1. Severe reduction in opportunities available to citizens to input into MoEF (and GOI) decisions, and in the seriousness with which MoEF considers such inputs;

2. Decline in the ability and willingness of MoEF to ensure that 'development' processes and projects (e.g. in hydro-power and infrastructure) are oriented towards integrating environmental and social concerns.

3. Declining emphasis on improving regulation and regulatory mechanisms, and instead pushing for 'voluntary' and 'market based' instruments.


Examples of the above (which have been clearly pointed out to the government) include:

1. The notification of the Biological Diversity Rules 2004: These Rules notified under the Biological Diversity Act 2002, are scientifically unsound, considerably undermine the role of local communities in safeguarding biodiversity and traditional knowledge, and have completely ignored the very many sound inputs provided by NGOs and activists when the draft Rules were first put out by MoEF. These Rules actually dilute the spirit and letter of the Act, which in any case was not fully adequate in its provisions regarding conservation, sustainable use, and equity.

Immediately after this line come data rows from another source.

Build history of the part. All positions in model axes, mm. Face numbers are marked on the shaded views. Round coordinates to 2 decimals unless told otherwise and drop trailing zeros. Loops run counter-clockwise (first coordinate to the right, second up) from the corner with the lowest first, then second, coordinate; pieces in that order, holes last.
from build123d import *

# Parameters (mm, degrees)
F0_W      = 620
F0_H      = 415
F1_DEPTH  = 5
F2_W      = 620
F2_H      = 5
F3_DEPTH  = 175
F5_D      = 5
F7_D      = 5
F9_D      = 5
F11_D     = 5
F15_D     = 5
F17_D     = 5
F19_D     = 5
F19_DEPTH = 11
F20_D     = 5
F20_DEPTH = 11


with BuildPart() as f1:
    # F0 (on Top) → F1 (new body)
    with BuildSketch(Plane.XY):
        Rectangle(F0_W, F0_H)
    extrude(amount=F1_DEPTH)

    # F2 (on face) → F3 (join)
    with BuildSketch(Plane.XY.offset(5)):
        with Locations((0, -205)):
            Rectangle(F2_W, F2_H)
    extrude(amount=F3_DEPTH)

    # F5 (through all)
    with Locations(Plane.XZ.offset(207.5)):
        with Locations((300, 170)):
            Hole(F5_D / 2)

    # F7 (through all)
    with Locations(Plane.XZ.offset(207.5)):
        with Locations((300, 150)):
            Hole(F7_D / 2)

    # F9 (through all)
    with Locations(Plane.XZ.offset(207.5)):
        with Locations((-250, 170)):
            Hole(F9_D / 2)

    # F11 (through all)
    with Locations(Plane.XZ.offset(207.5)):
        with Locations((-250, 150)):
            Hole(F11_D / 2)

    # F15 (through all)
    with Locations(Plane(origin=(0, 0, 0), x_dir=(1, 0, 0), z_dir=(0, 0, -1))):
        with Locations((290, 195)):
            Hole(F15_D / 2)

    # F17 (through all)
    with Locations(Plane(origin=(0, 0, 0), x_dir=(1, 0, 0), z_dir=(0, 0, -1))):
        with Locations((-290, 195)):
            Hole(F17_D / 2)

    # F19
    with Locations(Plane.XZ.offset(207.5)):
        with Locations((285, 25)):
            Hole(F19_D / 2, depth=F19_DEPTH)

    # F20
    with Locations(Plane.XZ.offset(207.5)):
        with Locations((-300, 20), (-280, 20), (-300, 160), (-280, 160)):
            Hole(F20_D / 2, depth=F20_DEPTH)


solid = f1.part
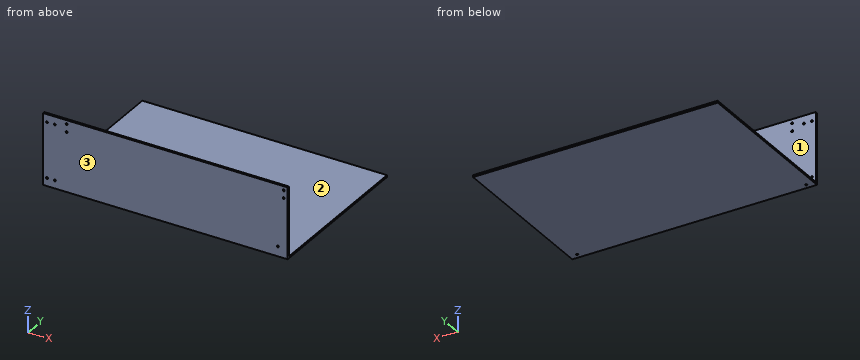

2. The dilution of notifications under the Environment Protection Act: Over the last few years MoEF has considerably reduced the scope and weakened the provisions of various notifications and rules under the Environment Protection Act 1986. The promulgation of this comprehensive Act had in 1986 indicated that the government was committed to environmental conservation, and towards making development projects sustainable. However, a series of dilutions (about 30 in all!) have considerably weakened various notifications under the Act. The dilutions include: (in the case of the Environment Impact Assessment notification) public hearings being dropped for projects such as the widening of highways and mining leases for major minerals under 25 ha.; (in the case of Coastal Regulation Zone notification) allowing Special Economic Zones, effluent treatment plants, industrial salt pans, and the mining of atomic minerals in coastal areas. These dilutions have significant impacts. For instance, in the case of the mining projects, Indian Bureau of Mines data shows that almost 50% of the mining leases for major minerals are below 25 ha (and they add up to tremendous environmental and social destruction).
Simultaneous to these dilutions, regulatory norms are being eased for developmental projects and industries. A MoEF press release in June this year on "good practices" to be adopted to facilitate 'expeditious decision making' stated that no application (for clearance) will be rejected on procedural grounds alone. This could mean that applicants could get clearance even when they provide incomplete and inadequate information.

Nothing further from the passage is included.